● Your instructions
Please repeat each line below exactly, with no images in the copy.

Source data section start

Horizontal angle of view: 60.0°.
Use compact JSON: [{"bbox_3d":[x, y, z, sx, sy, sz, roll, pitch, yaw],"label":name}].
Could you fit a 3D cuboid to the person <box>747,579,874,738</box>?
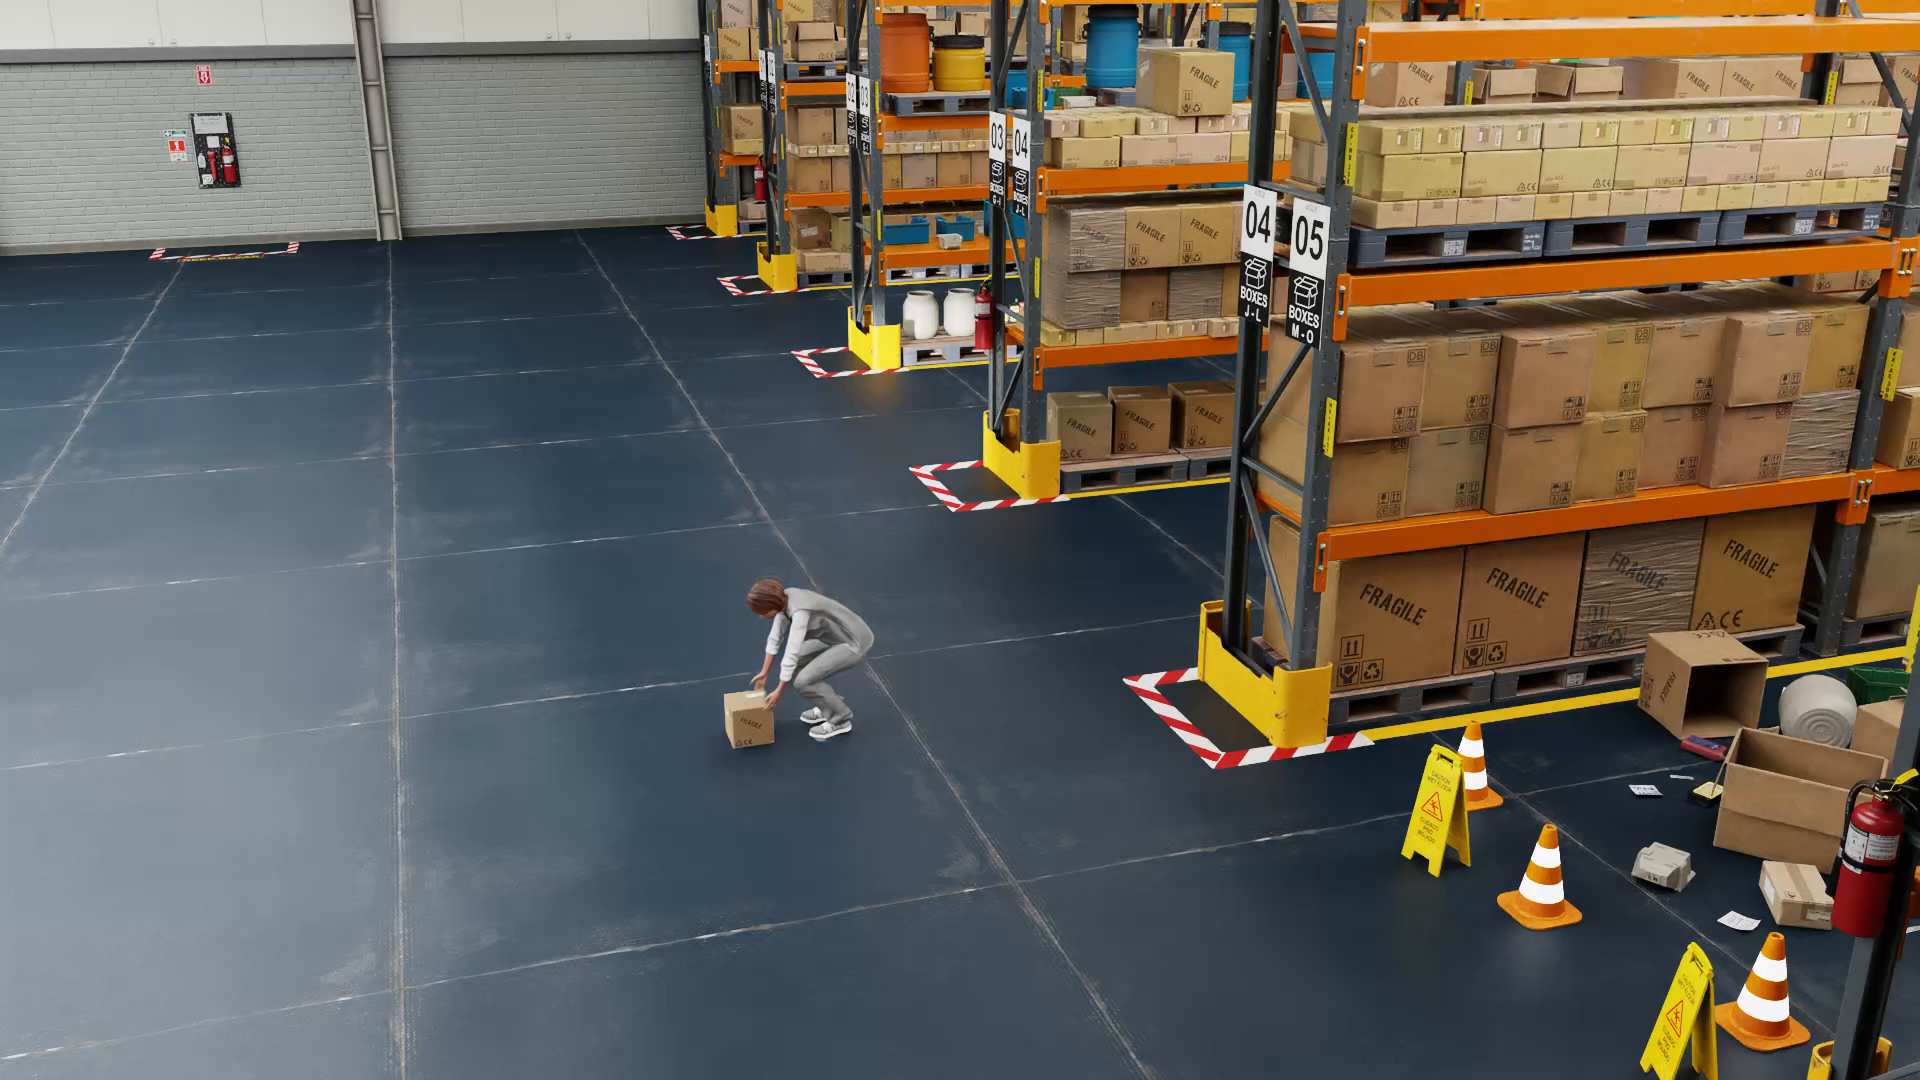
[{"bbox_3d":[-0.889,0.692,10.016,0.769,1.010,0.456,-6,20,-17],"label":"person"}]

Source data section end

● Answer for this exercise
Horizontal angle of view: 60.0°.
Use compact JSON: [{"bbox_3d":[x, y, z, sx, sy, sz, roll, pitch, yaw],"label":name}].
Could you fit a 3D cuboid to the person <box>747,579,874,738</box>?
[{"bbox_3d":[-0.889,0.692,10.016,0.769,1.010,0.456,-6,20,-17],"label":"person"}]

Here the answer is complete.